## REQUIREMENT
Your task is to reproduce, exactly and only, the lines running from the line containing "Example of the" to the end of the data below, both included.

DATASET CONTENT START

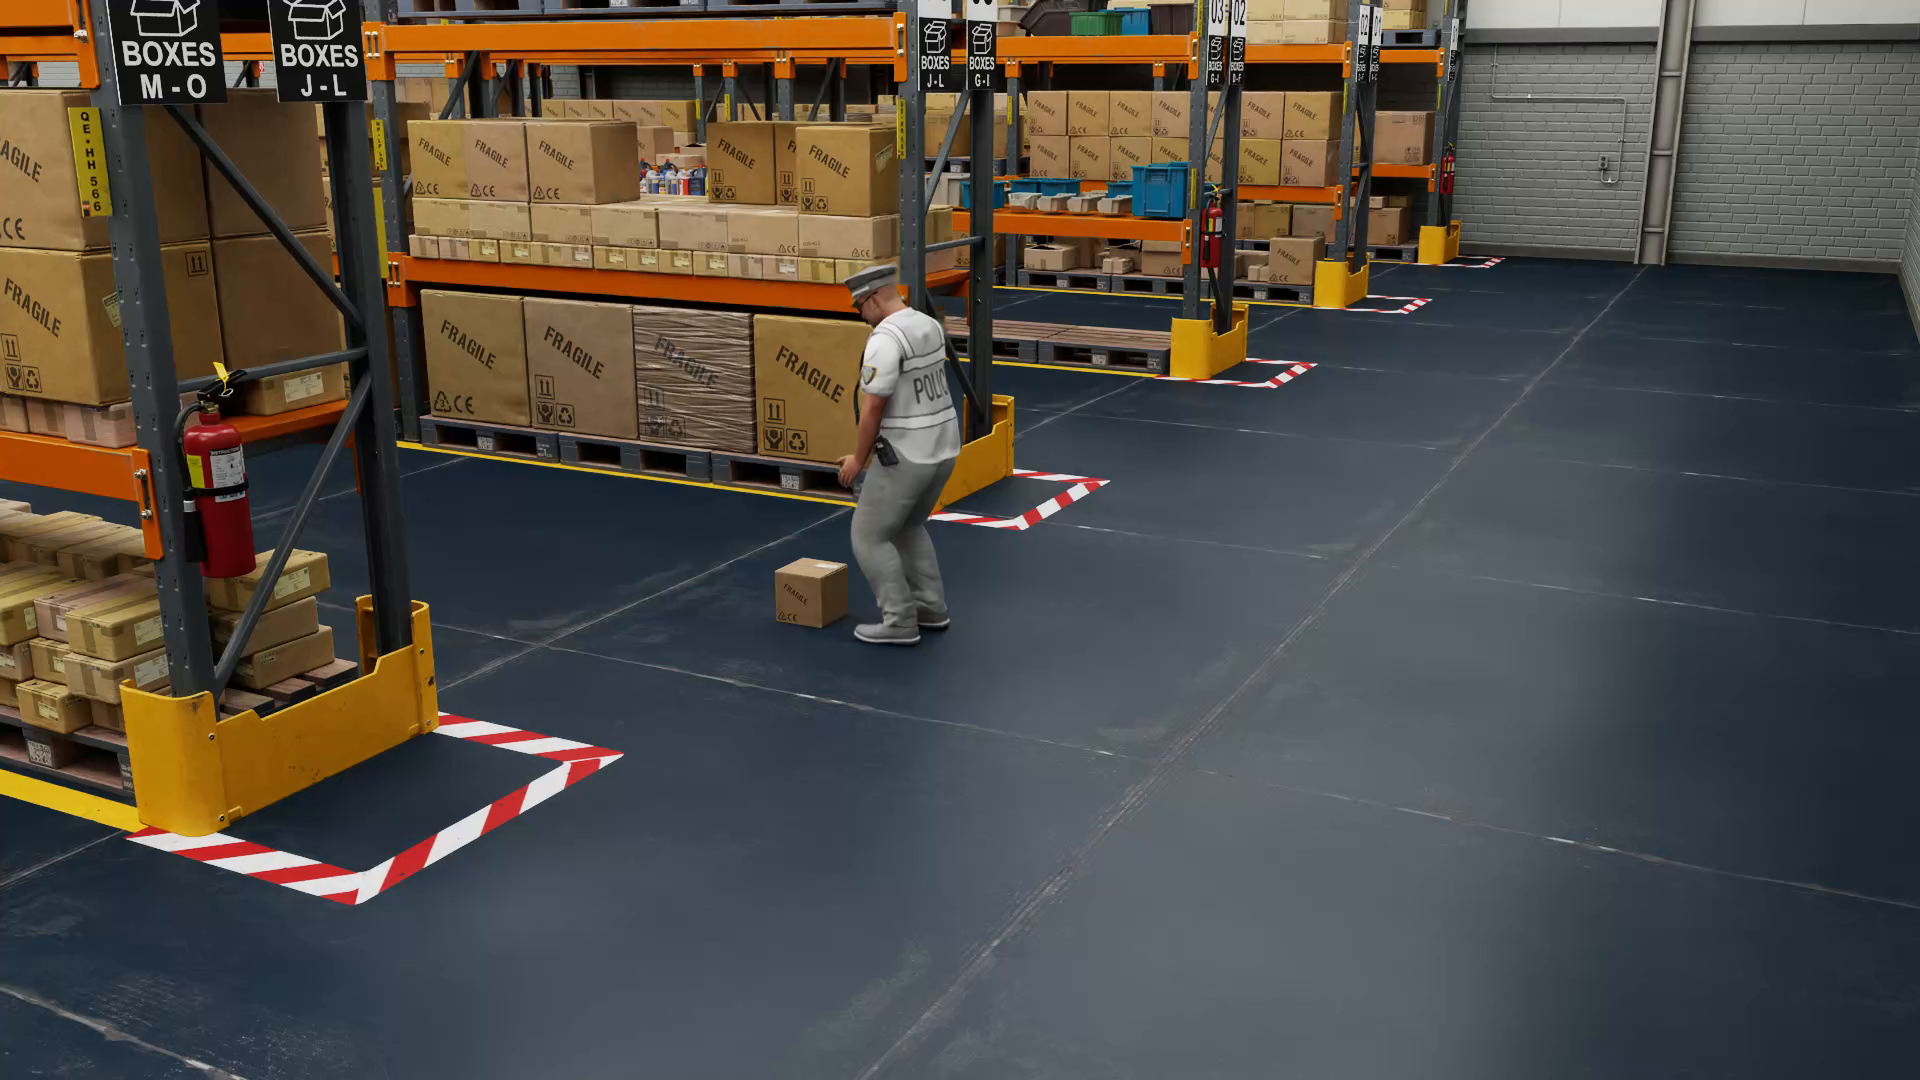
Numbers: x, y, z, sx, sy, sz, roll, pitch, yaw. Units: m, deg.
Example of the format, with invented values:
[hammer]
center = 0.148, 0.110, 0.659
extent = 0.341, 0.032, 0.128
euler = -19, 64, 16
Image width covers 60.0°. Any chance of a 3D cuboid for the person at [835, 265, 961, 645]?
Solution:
[person]
center = -0.276, -0.374, 7.467
extent = 0.496, 1.701, 0.557
euler = 8, 18, 27

DATASET CONTENT END

## RESPONSE BELOW
Example of the format, with invented values:
[hammer]
center = 0.148, 0.110, 0.659
extent = 0.341, 0.032, 0.128
euler = -19, 64, 16
Image width covers 60.0°. Any chance of a 3D cuboid for the person at [835, 265, 961, 645]?
Solution:
[person]
center = -0.276, -0.374, 7.467
extent = 0.496, 1.701, 0.557
euler = 8, 18, 27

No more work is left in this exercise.